Jeremy Heath

Personal information
- Full name: Jeremy Richard Percy Heath
- Born: 26 April 1959 (age 67) Turners Hill, Sussex, England
- Batting: Left-handed

Domestic team information
- 1980–1983: Sussex

Career statistics
| Competition | First-class | List A |
| Matches | 17 | 3 |
| Runs scored | 611 | 37 |
| Batting average | 22.62 | 18.50 |
| 100s/50s | 1/1 | –/– |
| Top score | 101* | 33 |
| Balls bowled | 48 | – |
| Wickets | – | – |
| Bowling average | – | – |
| 5 wickets in innings | – | – |
| 10 wickets in match | – | – |
| Best bowling | – | – |
| Catches/stumpings | 6/– | 1/– |
- Source: Cricinfo, 6 January 2012

= Jeremy Heath =

English cricketer

Jeremy Richard Percy Heath (born 26 April 1959) is a former English cricketer. Heath was a left-handed batsman. He was born at Turners Hill, Sussex.

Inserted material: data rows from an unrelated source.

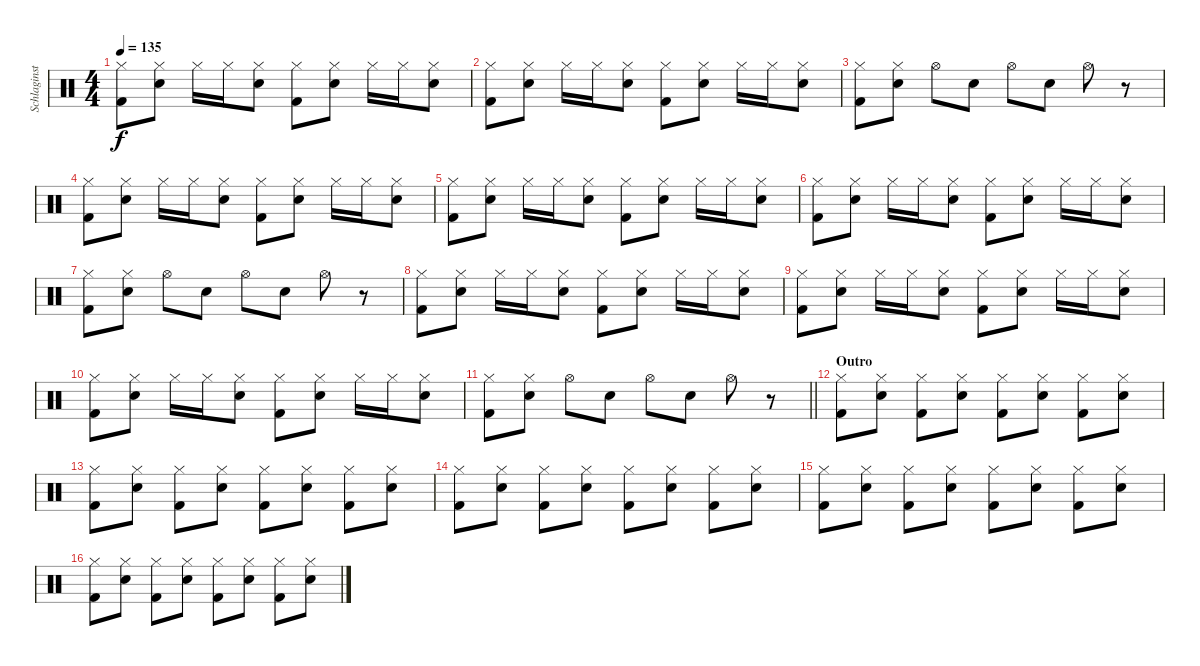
\track ("Schlaginstrumente - Auswahl" "Schlaginst") {instrument percussion}
\staff {score}
\articulation defaults
\ts (4 4)
\tempo 135
\clef neutral
\ks c
("Hi-Hat (closed)" "Kick (hit) 2").8{dy f} ("Hi-Hat (closed)" "Snare (hit) 2").8 "Hi-Hat (closed)".16 "Hi-Hat (closed)".16 ("Hi-Hat (closed)" "Snare (hit) 2").8 ("Hi-Hat (closed)" "Kick (hit) 2").8 ("Hi-Hat (closed)" "Snare (hit) 2").8 "Hi-Hat (closed)".16 "Hi-Hat (closed)".16 ("Hi-Hat (closed)" "Snare (hit) 2").8 |
("Hi-Hat (closed)" "Kick (hit) 2").8 ("Hi-Hat (closed)" "Snare (hit) 2").8 "Hi-Hat (closed)".16 "Hi-Hat (closed)".16 ("Hi-Hat (closed)" "Snare (hit) 2").8 ("Hi-Hat (closed)" "Kick (hit) 2").8 ("Hi-Hat (closed)" "Snare (hit) 2").8 "Hi-Hat (closed)".16 "Hi-Hat (closed)".16 ("Hi-Hat (closed)" "Snare (hit) 2").8 |
("Hi-Hat (closed)" "Kick (hit) 2").8 ("Hi-Hat (closed)" "Snare (hit) 2").8 "Hi-Hat (open)".8 "Snare (hit) 2".8 "Hi-Hat (open)".8 "Snare (hit) 2".8 "Hi-Hat (open)".8 r.8 |
("Hi-Hat (closed)" "Kick (hit) 2").8 ("Hi-Hat (closed)" "Snare (hit) 2").8 "Hi-Hat (closed)".16 "Hi-Hat (closed)".16 ("Hi-Hat (closed)" "Snare (hit) 2").8 ("Hi-Hat (closed)" "Kick (hit) 2").8 ("Hi-Hat (closed)" "Snare (hit) 2").8 "Hi-Hat (closed)".16 "Hi-Hat (closed)".16 ("Hi-Hat (closed)" "Snare (hit) 2").8 |
("Hi-Hat (closed)" "Kick (hit) 2").8 ("Hi-Hat (closed)" "Snare (hit) 2").8 "Hi-Hat (closed)".16 "Hi-Hat (closed)".16 ("Hi-Hat (closed)" "Snare (hit) 2").8 ("Hi-Hat (closed)" "Kick (hit) 2").8 ("Hi-Hat (closed)" "Snare (hit) 2").8 "Hi-Hat (closed)".16 "Hi-Hat (closed)".16 ("Hi-Hat (closed)" "Snare (hit) 2").8 |
("Hi-Hat (closed)" "Kick (hit) 2").8 ("Hi-Hat (closed)" "Snare (hit) 2").8 "Hi-Hat (closed)".16 "Hi-Hat (closed)".16 ("Hi-Hat (closed)" "Snare (hit) 2").8 ("Hi-Hat (closed)" "Kick (hit) 2").8 ("Hi-Hat (closed)" "Snare (hit) 2").8 "Hi-Hat (closed)".16 "Hi-Hat (closed)".16 ("Hi-Hat (closed)" "Snare (hit) 2").8 |
("Hi-Hat (closed)" "Kick (hit) 2").8 ("Hi-Hat (closed)" "Snare (hit) 2").8 "Hi-Hat (open)".8 "Snare (hit) 2".8 "Hi-Hat (open)".8 "Snare (hit) 2".8 "Hi-Hat (open)".8 r.8 |
("Hi-Hat (closed)" "Kick (hit) 2").8 ("Hi-Hat (closed)" "Snare (hit) 2").8 "Hi-Hat (closed)".16 "Hi-Hat (closed)".16 ("Hi-Hat (closed)" "Snare (hit) 2").8 ("Hi-Hat (closed)" "Kick (hit) 2").8 ("Hi-Hat (closed)" "Snare (hit) 2").8 "Hi-Hat (closed)".16 "Hi-Hat (closed)".16 ("Hi-Hat (closed)" "Snare (hit) 2").8 |
("Hi-Hat (closed)" "Kick (hit) 2").8 ("Hi-Hat (closed)" "Snare (hit) 2").8 "Hi-Hat (closed)".16 "Hi-Hat (closed)".16 ("Hi-Hat (closed)" "Snare (hit) 2").8 ("Hi-Hat (closed)" "Kick (hit) 2").8 ("Hi-Hat (closed)" "Snare (hit) 2").8 "Hi-Hat (closed)".16 "Hi-Hat (closed)".16 ("Hi-Hat (closed)" "Snare (hit) 2").8 |
("Hi-Hat (closed)" "Kick (hit) 2").8 ("Hi-Hat (closed)" "Snare (hit) 2").8 "Hi-Hat (closed)".16 "Hi-Hat (closed)".16 ("Hi-Hat (closed)" "Snare (hit) 2").8 ("Hi-Hat (closed)" "Kick (hit) 2").8 ("Hi-Hat (closed)" "Snare (hit) 2").8 "Hi-Hat (closed)".16 "Hi-Hat (closed)".16 ("Hi-Hat (closed)" "Snare (hit) 2").8 |
\barLineRight lightlight
("Hi-Hat (closed)" "Kick (hit) 2").8 ("Hi-Hat (closed)" "Snare (hit) 2").8 "Hi-Hat (open)".8 "Snare (hit) 2".8 "Hi-Hat (open)".8 "Snare (hit) 2".8 "Hi-Hat (open)".8 r.8 |
\section ("" "Outro")
("Hi-Hat (closed)" "Kick (hit) 2").8 ("Hi-Hat (closed)" "Snare (hit) 2").8 ("Hi-Hat (closed)" "Kick (hit) 2").8 ("Hi-Hat (closed)" "Snare (hit) 2").8 ("Hi-Hat (closed)" "Kick (hit) 2").8 ("Hi-Hat (closed)" "Snare (hit) 2").8 ("Hi-Hat (closed)" "Kick (hit) 2").8 ("Hi-Hat (closed)" "Snare (hit) 2").8 |
("Hi-Hat (closed)" "Kick (hit) 2").8 ("Hi-Hat (closed)" "Snare (hit) 2").8 ("Hi-Hat (closed)" "Kick (hit) 2").8 ("Hi-Hat (closed)" "Snare (hit) 2").8 ("Hi-Hat (closed)" "Kick (hit) 2").8 ("Hi-Hat (closed)" "Snare (hit) 2").8 ("Hi-Hat (closed)" "Kick (hit) 2").8 ("Hi-Hat (closed)" "Snare (hit) 2").8 |
("Hi-Hat (closed)" "Kick (hit) 2").8 ("Hi-Hat (closed)" "Snare (hit) 2").8 ("Hi-Hat (closed)" "Kick (hit) 2").8 ("Hi-Hat (closed)" "Snare (hit) 2").8 ("Hi-Hat (closed)" "Kick (hit) 2").8 ("Hi-Hat (closed)" "Snare (hit) 2").8 ("Hi-Hat (closed)" "Kick (hit) 2").8 ("Hi-Hat (closed)" "Snare (hit) 2").8 |
("Hi-Hat (closed)" "Kick (hit) 2").8 ("Hi-Hat (closed)" "Snare (hit) 2").8 ("Hi-Hat (closed)" "Kick (hit) 2").8 ("Hi-Hat (closed)" "Snare (hit) 2").8 ("Hi-Hat (closed)" "Kick (hit) 2").8 ("Hi-Hat (closed)" "Snare (hit) 2").8 ("Hi-Hat (closed)" "Kick (hit) 2").8 ("Hi-Hat (closed)" "Snare (hit) 2").8 |
("Hi-Hat (closed)" "Kick (hit) 2").8 ("Hi-Hat (closed)" "Snare (hit) 2").8 ("Hi-Hat (closed)" "Kick (hit) 2").8 ("Hi-Hat (closed)" "Snare (hit) 2").8 ("Hi-Hat (closed)" "Kick (hit) 2").8 ("Hi-Hat (closed)" "Snare (hit) 2").8 ("Hi-Hat (closed)" "Kick (hit) 2").8 ("Hi-Hat (closed)" "Snare (hit) 2").8
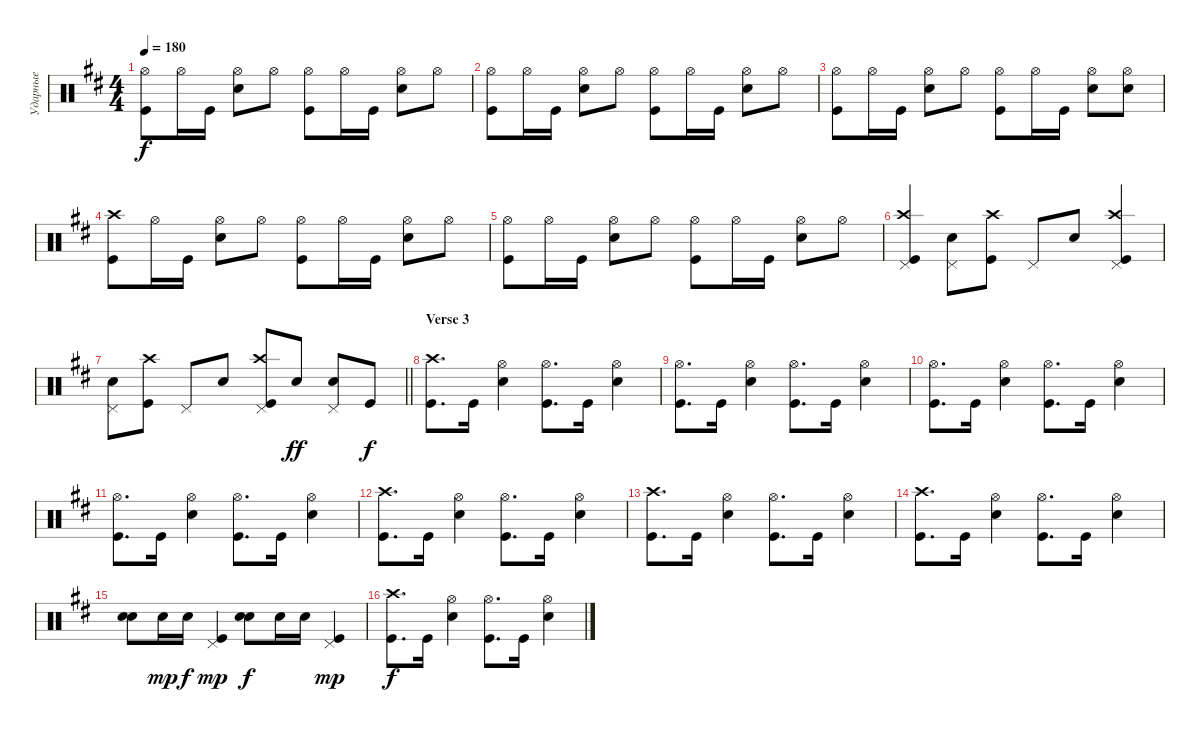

Heath made his first-class debut for Sussex against Yorkshire in the 1980 County Championship. He made sixteen further first-class appearances for the county, the last of which came against Warwickshire in the 1983 County Championship. In his seventeen first-class matches, he scored a total of 611 runs at an average of 22.62, with a high score of 101 not out. This score was his only first-class century and came against the touring Sri Lankans in 1981. Heath also made three List A appearances for Sussex, two in the 1980 John Player League against Yorkshire and Hampshire, and one in the 1981 John Player League against Nottinghamshire. He scored a total of 37 runs in these three matches, at an average of 18.50, with a high score of 33.